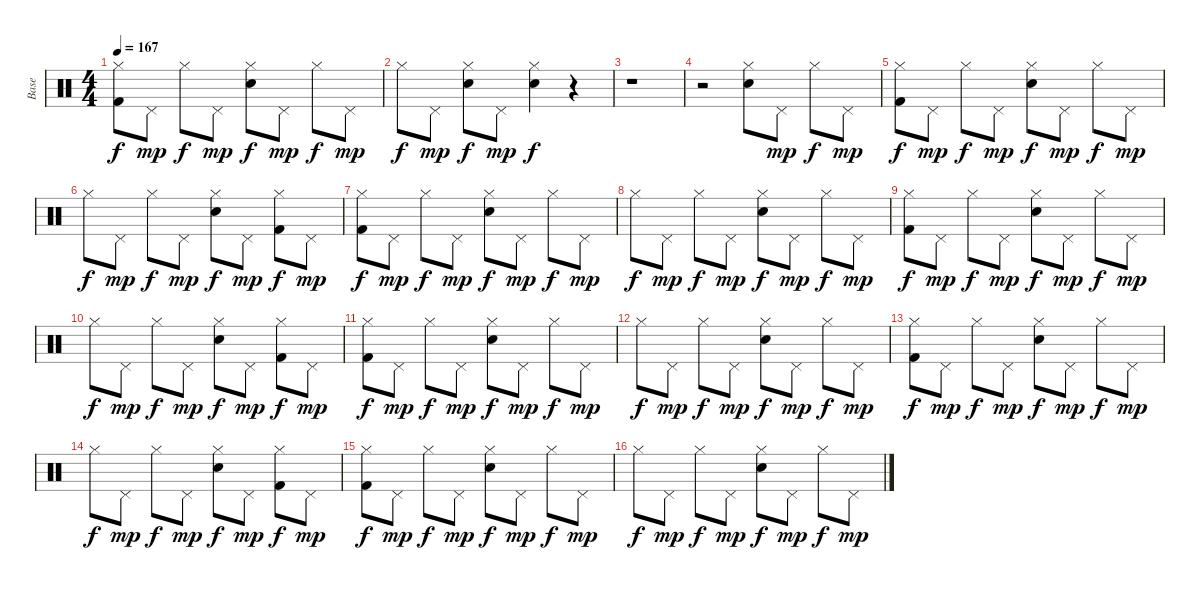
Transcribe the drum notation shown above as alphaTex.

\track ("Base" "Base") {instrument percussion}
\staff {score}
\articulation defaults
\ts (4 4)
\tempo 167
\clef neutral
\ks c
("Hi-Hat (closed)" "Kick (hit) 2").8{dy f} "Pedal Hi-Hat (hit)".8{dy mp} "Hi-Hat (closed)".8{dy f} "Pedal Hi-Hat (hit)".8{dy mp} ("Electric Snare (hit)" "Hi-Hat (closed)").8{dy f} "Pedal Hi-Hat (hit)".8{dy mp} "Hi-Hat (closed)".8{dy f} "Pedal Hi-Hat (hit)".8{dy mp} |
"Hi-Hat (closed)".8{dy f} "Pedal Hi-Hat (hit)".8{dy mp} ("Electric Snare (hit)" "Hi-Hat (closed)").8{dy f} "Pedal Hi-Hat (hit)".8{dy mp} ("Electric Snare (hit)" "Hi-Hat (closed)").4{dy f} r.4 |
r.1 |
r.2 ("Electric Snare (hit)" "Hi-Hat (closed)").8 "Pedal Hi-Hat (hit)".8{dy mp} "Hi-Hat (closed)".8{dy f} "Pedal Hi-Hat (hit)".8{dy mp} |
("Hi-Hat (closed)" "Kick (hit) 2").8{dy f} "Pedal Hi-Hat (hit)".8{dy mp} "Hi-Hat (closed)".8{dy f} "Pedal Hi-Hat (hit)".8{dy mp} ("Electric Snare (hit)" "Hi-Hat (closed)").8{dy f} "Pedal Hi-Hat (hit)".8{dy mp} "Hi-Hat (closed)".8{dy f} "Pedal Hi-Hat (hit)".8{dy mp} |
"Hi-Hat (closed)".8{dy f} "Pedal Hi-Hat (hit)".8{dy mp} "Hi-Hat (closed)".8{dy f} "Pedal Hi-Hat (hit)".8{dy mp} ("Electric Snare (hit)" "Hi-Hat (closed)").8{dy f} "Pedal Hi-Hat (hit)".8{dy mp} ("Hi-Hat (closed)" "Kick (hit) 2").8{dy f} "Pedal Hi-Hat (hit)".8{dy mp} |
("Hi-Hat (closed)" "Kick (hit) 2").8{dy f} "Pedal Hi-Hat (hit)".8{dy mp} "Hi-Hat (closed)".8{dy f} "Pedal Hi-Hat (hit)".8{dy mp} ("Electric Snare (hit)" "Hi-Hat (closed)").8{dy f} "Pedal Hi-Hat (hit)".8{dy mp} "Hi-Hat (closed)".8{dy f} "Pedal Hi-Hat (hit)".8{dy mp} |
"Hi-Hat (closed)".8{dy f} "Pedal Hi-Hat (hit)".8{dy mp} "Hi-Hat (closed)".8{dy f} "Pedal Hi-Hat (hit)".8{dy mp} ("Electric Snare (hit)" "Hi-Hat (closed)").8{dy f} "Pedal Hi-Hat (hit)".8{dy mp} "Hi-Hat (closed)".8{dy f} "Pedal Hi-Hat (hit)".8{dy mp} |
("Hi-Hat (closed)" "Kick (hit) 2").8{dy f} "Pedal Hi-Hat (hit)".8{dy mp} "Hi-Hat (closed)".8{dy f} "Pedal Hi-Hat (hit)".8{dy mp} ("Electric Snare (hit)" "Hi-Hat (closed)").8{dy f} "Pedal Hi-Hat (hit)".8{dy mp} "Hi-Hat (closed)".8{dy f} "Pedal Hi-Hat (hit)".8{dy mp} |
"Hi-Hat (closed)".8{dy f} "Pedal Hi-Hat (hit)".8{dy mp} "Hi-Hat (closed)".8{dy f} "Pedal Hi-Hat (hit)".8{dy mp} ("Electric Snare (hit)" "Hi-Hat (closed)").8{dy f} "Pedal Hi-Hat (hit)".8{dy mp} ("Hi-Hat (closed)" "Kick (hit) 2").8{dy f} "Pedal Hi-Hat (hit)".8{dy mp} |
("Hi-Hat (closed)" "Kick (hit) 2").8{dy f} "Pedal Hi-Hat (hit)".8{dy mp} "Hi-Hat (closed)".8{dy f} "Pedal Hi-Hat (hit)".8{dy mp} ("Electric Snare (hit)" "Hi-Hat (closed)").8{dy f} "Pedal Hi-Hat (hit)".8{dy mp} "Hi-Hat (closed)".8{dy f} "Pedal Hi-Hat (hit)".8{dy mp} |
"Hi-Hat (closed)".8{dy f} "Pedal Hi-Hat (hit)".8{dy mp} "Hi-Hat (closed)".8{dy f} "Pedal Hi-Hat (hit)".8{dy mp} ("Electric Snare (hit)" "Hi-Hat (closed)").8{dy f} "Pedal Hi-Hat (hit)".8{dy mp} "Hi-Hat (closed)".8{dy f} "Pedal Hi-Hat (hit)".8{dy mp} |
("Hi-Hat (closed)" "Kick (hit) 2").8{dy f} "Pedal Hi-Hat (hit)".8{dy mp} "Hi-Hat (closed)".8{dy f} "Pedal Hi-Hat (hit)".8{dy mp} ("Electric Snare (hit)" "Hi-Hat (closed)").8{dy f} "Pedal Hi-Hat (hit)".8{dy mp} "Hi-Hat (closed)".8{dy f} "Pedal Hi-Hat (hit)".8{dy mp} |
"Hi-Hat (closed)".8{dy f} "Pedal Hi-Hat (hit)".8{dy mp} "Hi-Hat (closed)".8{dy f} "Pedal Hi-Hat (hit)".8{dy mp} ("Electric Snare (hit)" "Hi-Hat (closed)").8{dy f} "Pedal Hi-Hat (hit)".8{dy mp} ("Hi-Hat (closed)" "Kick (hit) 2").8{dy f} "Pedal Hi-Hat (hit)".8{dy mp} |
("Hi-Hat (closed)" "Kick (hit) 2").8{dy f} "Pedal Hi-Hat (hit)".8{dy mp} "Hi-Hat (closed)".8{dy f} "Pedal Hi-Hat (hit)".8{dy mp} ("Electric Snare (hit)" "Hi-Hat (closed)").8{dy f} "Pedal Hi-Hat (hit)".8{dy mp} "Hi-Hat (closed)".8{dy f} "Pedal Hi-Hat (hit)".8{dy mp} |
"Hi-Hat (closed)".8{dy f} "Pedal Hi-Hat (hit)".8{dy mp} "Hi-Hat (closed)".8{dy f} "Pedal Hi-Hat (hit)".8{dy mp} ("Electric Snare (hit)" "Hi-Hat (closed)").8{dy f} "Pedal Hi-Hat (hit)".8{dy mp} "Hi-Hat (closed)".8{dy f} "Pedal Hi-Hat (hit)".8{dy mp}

________________________________________

● TASK ITEM: Give back the material above exactly as written, but omit the images.

● THE COMPLETED TASK:
Transcribe the drum notation shown above as alphaTex.

\track ("Base" "Base") {instrument percussion}
\staff {score}
\articulation defaults
\ts (4 4)
\tempo 167
\clef neutral
\ks c
("Hi-Hat (closed)" "Kick (hit) 2").8{dy f} "Pedal Hi-Hat (hit)".8{dy mp} "Hi-Hat (closed)".8{dy f} "Pedal Hi-Hat (hit)".8{dy mp} ("Electric Snare (hit)" "Hi-Hat (closed)").8{dy f} "Pedal Hi-Hat (hit)".8{dy mp} "Hi-Hat (closed)".8{dy f} "Pedal Hi-Hat (hit)".8{dy mp} |
"Hi-Hat (closed)".8{dy f} "Pedal Hi-Hat (hit)".8{dy mp} ("Electric Snare (hit)" "Hi-Hat (closed)").8{dy f} "Pedal Hi-Hat (hit)".8{dy mp} ("Electric Snare (hit)" "Hi-Hat (closed)").4{dy f} r.4 |
r.1 |
r.2 ("Electric Snare (hit)" "Hi-Hat (closed)").8 "Pedal Hi-Hat (hit)".8{dy mp} "Hi-Hat (closed)".8{dy f} "Pedal Hi-Hat (hit)".8{dy mp} |
("Hi-Hat (closed)" "Kick (hit) 2").8{dy f} "Pedal Hi-Hat (hit)".8{dy mp} "Hi-Hat (closed)".8{dy f} "Pedal Hi-Hat (hit)".8{dy mp} ("Electric Snare (hit)" "Hi-Hat (closed)").8{dy f} "Pedal Hi-Hat (hit)".8{dy mp} "Hi-Hat (closed)".8{dy f} "Pedal Hi-Hat (hit)".8{dy mp} |
"Hi-Hat (closed)".8{dy f} "Pedal Hi-Hat (hit)".8{dy mp} "Hi-Hat (closed)".8{dy f} "Pedal Hi-Hat (hit)".8{dy mp} ("Electric Snare (hit)" "Hi-Hat (closed)").8{dy f} "Pedal Hi-Hat (hit)".8{dy mp} ("Hi-Hat (closed)" "Kick (hit) 2").8{dy f} "Pedal Hi-Hat (hit)".8{dy mp} |
("Hi-Hat (closed)" "Kick (hit) 2").8{dy f} "Pedal Hi-Hat (hit)".8{dy mp} "Hi-Hat (closed)".8{dy f} "Pedal Hi-Hat (hit)".8{dy mp} ("Electric Snare (hit)" "Hi-Hat (closed)").8{dy f} "Pedal Hi-Hat (hit)".8{dy mp} "Hi-Hat (closed)".8{dy f} "Pedal Hi-Hat (hit)".8{dy mp} |
"Hi-Hat (closed)".8{dy f} "Pedal Hi-Hat (hit)".8{dy mp} "Hi-Hat (closed)".8{dy f} "Pedal Hi-Hat (hit)".8{dy mp} ("Electric Snare (hit)" "Hi-Hat (closed)").8{dy f} "Pedal Hi-Hat (hit)".8{dy mp} "Hi-Hat (closed)".8{dy f} "Pedal Hi-Hat (hit)".8{dy mp} |
("Hi-Hat (closed)" "Kick (hit) 2").8{dy f} "Pedal Hi-Hat (hit)".8{dy mp} "Hi-Hat (closed)".8{dy f} "Pedal Hi-Hat (hit)".8{dy mp} ("Electric Snare (hit)" "Hi-Hat (closed)").8{dy f} "Pedal Hi-Hat (hit)".8{dy mp} "Hi-Hat (closed)".8{dy f} "Pedal Hi-Hat (hit)".8{dy mp} |
"Hi-Hat (closed)".8{dy f} "Pedal Hi-Hat (hit)".8{dy mp} "Hi-Hat (closed)".8{dy f} "Pedal Hi-Hat (hit)".8{dy mp} ("Electric Snare (hit)" "Hi-Hat (closed)").8{dy f} "Pedal Hi-Hat (hit)".8{dy mp} ("Hi-Hat (closed)" "Kick (hit) 2").8{dy f} "Pedal Hi-Hat (hit)".8{dy mp} |
("Hi-Hat (closed)" "Kick (hit) 2").8{dy f} "Pedal Hi-Hat (hit)".8{dy mp} "Hi-Hat (closed)".8{dy f} "Pedal Hi-Hat (hit)".8{dy mp} ("Electric Snare (hit)" "Hi-Hat (closed)").8{dy f} "Pedal Hi-Hat (hit)".8{dy mp} "Hi-Hat (closed)".8{dy f} "Pedal Hi-Hat (hit)".8{dy mp} |
"Hi-Hat (closed)".8{dy f} "Pedal Hi-Hat (hit)".8{dy mp} "Hi-Hat (closed)".8{dy f} "Pedal Hi-Hat (hit)".8{dy mp} ("Electric Snare (hit)" "Hi-Hat (closed)").8{dy f} "Pedal Hi-Hat (hit)".8{dy mp} "Hi-Hat (closed)".8{dy f} "Pedal Hi-Hat (hit)".8{dy mp} |
("Hi-Hat (closed)" "Kick (hit) 2").8{dy f} "Pedal Hi-Hat (hit)".8{dy mp} "Hi-Hat (closed)".8{dy f} "Pedal Hi-Hat (hit)".8{dy mp} ("Electric Snare (hit)" "Hi-Hat (closed)").8{dy f} "Pedal Hi-Hat (hit)".8{dy mp} "Hi-Hat (closed)".8{dy f} "Pedal Hi-Hat (hit)".8{dy mp} |
"Hi-Hat (closed)".8{dy f} "Pedal Hi-Hat (hit)".8{dy mp} "Hi-Hat (closed)".8{dy f} "Pedal Hi-Hat (hit)".8{dy mp} ("Electric Snare (hit)" "Hi-Hat (closed)").8{dy f} "Pedal Hi-Hat (hit)".8{dy mp} ("Hi-Hat (closed)" "Kick (hit) 2").8{dy f} "Pedal Hi-Hat (hit)".8{dy mp} |
("Hi-Hat (closed)" "Kick (hit) 2").8{dy f} "Pedal Hi-Hat (hit)".8{dy mp} "Hi-Hat (closed)".8{dy f} "Pedal Hi-Hat (hit)".8{dy mp} ("Electric Snare (hit)" "Hi-Hat (closed)").8{dy f} "Pedal Hi-Hat (hit)".8{dy mp} "Hi-Hat (closed)".8{dy f} "Pedal Hi-Hat (hit)".8{dy mp} |
"Hi-Hat (closed)".8{dy f} "Pedal Hi-Hat (hit)".8{dy mp} "Hi-Hat (closed)".8{dy f} "Pedal Hi-Hat (hit)".8{dy mp} ("Electric Snare (hit)" "Hi-Hat (closed)").8{dy f} "Pedal Hi-Hat (hit)".8{dy mp} "Hi-Hat (closed)".8{dy f} "Pedal Hi-Hat (hit)".8{dy mp}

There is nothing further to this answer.